Because, as a general rule, more volatile data series are more difficult to forecast than stable data series, this approach automatically allows for forecastability – the difficulty or ease of forecasting. So, all of those pointless arguments about whether comparisons are fair or not disappear. In fact, our research has shown that it is possible to use this approach to calculate the limit of forecastability so we can, for the first time, objectively measure the quality of forecasting. So, instead of wasting our emotional energy on attributing blame, we can celebrate our successes and work out how to get even better.
This is not completely new. For a number of years, Mike Gilliland of SAS has been advocating that forecasters measure forecast error at different steps in the forecast process (for example, before and after market intelligence is added to statistical forecasts) to determine where value is added and where it is destroyed. This approach supercharges Mike’s value-added methodology, allowing us to analyse the value-added by the entire process, not just process steps, make objective judgements about the quality of forecasting and facilitate benchmarking in a way not possible before.
Sounds great, doesn’t it, but a few words of caution are in order before you dive headlong into this pool.
First, to be meaningful, value-added has to be measured at a very granular level – at the level at which replenishment orders are generated; perhaps at the warehouse/SKU level. Also, we need to calculate averages as we cannot look at individual periods in isolation, on the absolute amount of value-added in order to focus attention on the items that matter. In addition we would ideally be able to make a distinction between systematic error (bias) and unsystematic error (variation) as they often have different causes and so require different corrective action.
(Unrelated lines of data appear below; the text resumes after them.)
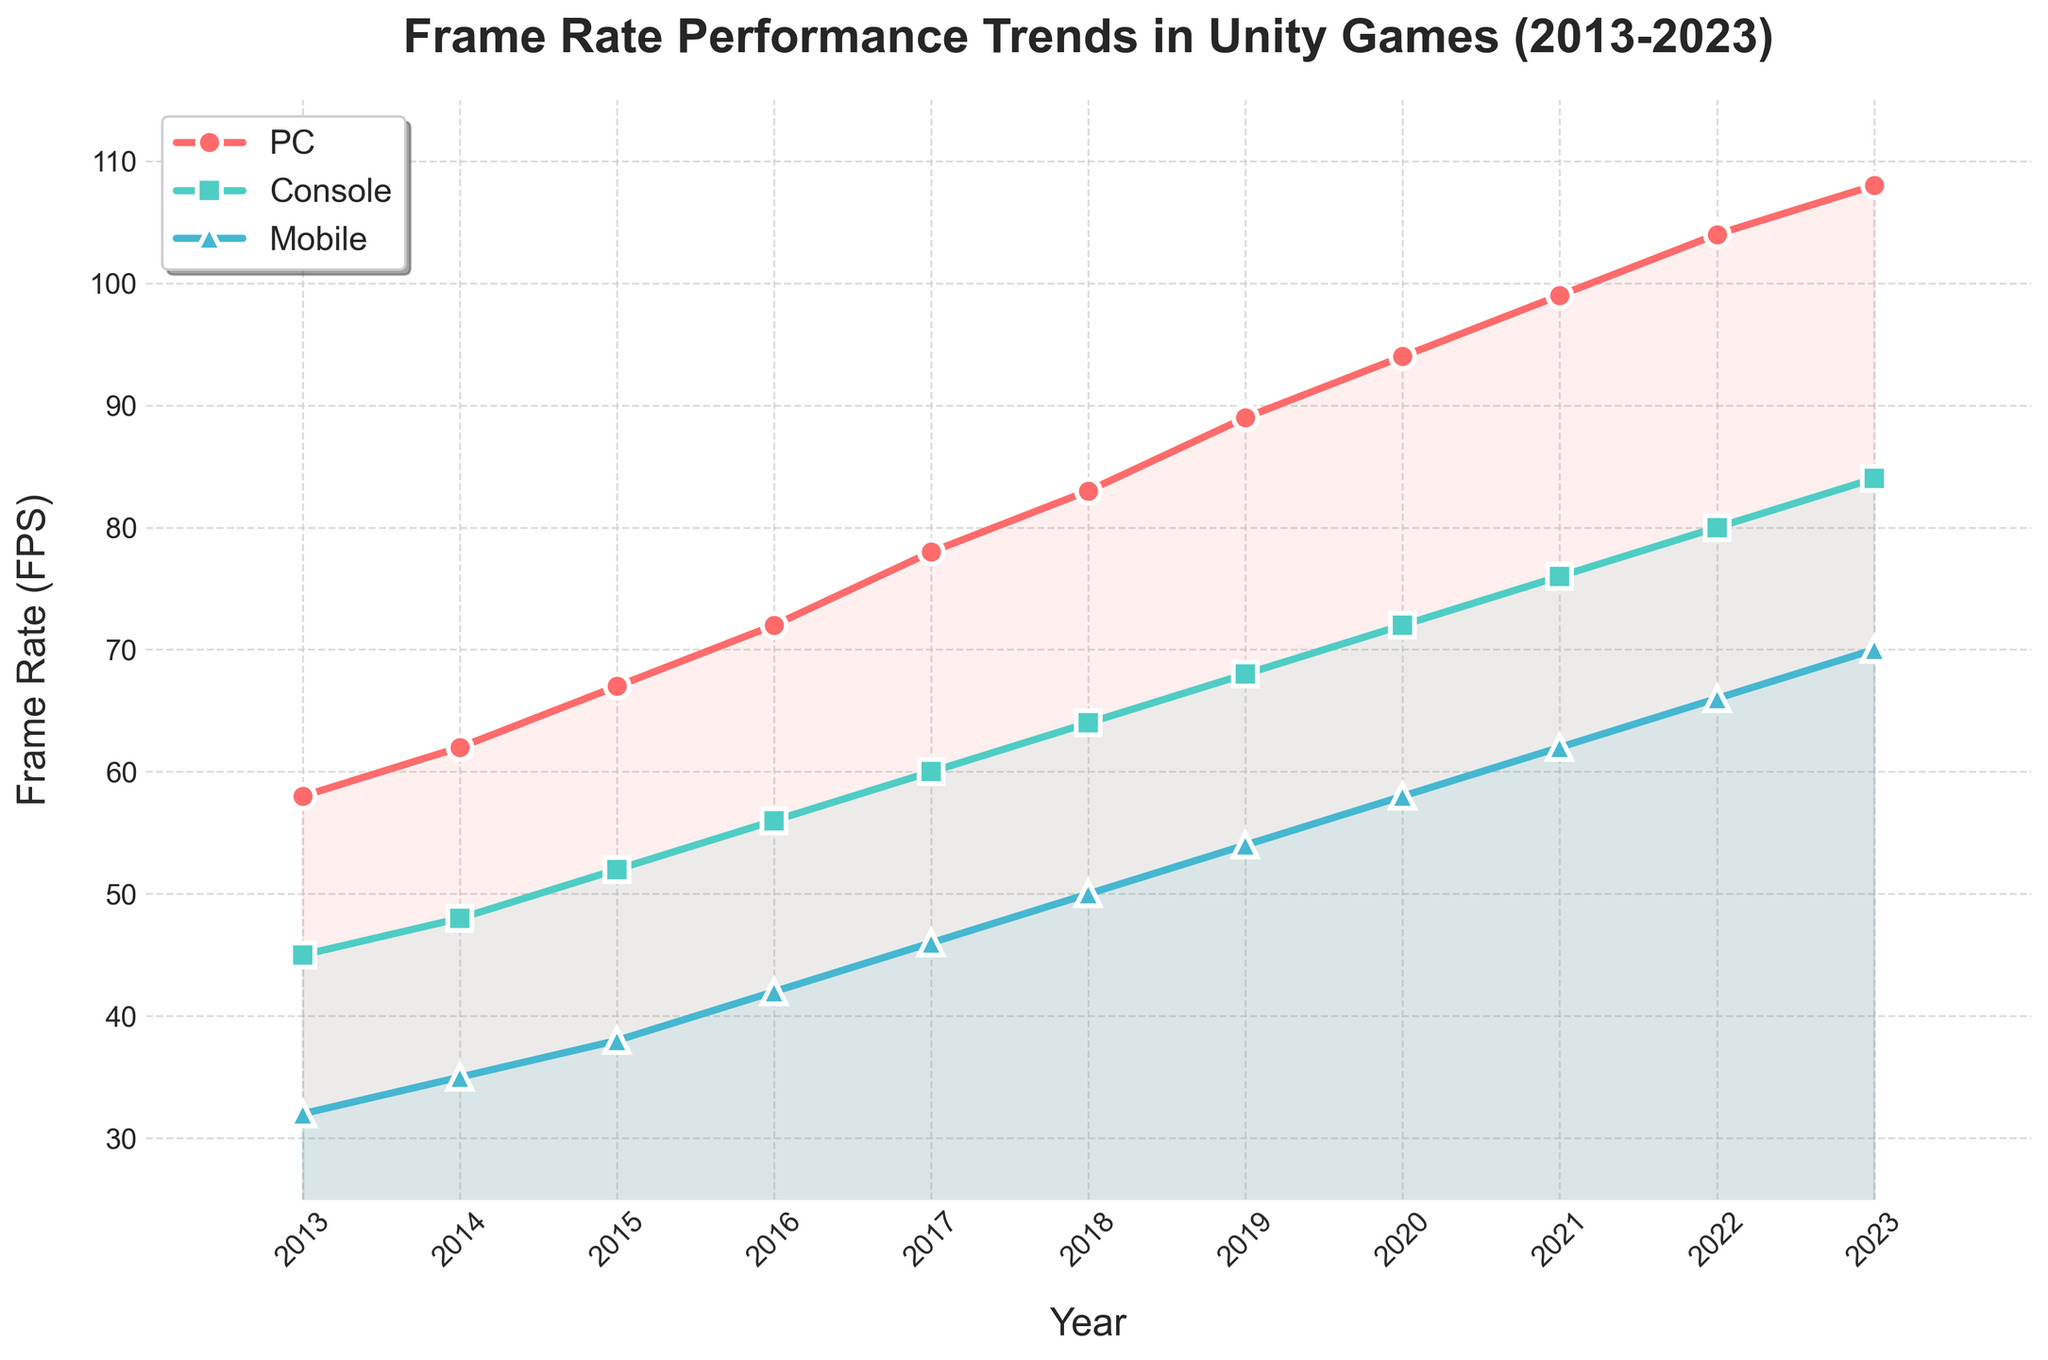What is the frame rate difference between PC and Console in 2013? The frame rate for PC in 2013 is 58 FPS, and for Console, it is 45 FPS. Subtract the frame rate of Console from PC: 58 - 45 = 13
Answer: 13 Which platform showed the greatest increase in frame rate from 2013 to 2023? The frame rates in 2013 and 2023 are: 
- PC: 58 FPS to 108 FPS
- Console: 45 FPS to 84 FPS
- Mobile: 32 FPS to 70 FPS
Compute the increase for each platform:
- PC: 108 - 58 = 50 FPS
- Console: 84 - 45 = 39 FPS
- Mobile: 70 - 32 = 38 FPS
The PC showed the greatest increase
Answer: PC In which year did Mobile reach a frame rate of 50 FPS? From the data, Mobile reaches 50 FPS in the year 2018
Answer: 2018 What is the average frame rate of Console from 2015 to 2020? The frame rates from 2015 to 2020 are 52, 56, 60, 64, 68, and 72 FPS. Sum these values and divide by the number of years: 
(52 + 56 + 60 + 64 + 68 + 72) / 6 = 372 / 6 = 62
Answer: 62 In the year 2020, how does the frame rate of Mobile compare to that of PC? In 2020, the frame rate for Mobile is 58 FPS, and for PC, it is 94 FPS. Since 58 is less than 94:
Mobile < PC
Answer: Mobile < PC Which platform saw the most consistent year-over-year increase in frame rate from 2013 to 2023? Calculate the difference between each year for all platforms:
- PC: (62-58), (67-62), ..., (108-104) which gives consistent increases of 4, 5, 5, 6, 5, 6, 5, 5, 5, 4 over the years.
- Console and Mobile have varying year-over-year differences. Therefore, PC has the most consistent increases
Answer: PC How does the slope of the line for PC from 2013 to 2023 visually compare to that of Mobile? Visually, the slope of the line for PC is steeper compared to Mobile, indicating PC's frame rate increased more rapidly than Mobile over the years.
Answer: Steeper What is the median frame rate of PC over the entire period? List out the frame rates for PC from 2013 to 2023:
58, 62, 67, 72, 78, 83, 89, 94, 99, 104, 108. The median is the middle value, so the 6th value: 83
Answer: 83

All of this is likely to take the use of value-added measures beyond what can be accomplished on a spreadsheet, particularly as we will want to drill up and down product hierarchies to track down the source of problems.
Finally, be prepared for a shock. Our research shows that it is not as easy to beat a simple naïve forecast on average as you might think. And at the most granular level typically up to 50% of forecasts destroy value. On the positive side, this demonstrates how easy it should be to increase the value of the forecast process.
So, there will perhaps be some cost and perhaps some false pride to be swallowed, but I would argue that this is a small price to pay for repositioning forecasting from back office whipping boys to respected professionals making a measurable contribution to the value of the business.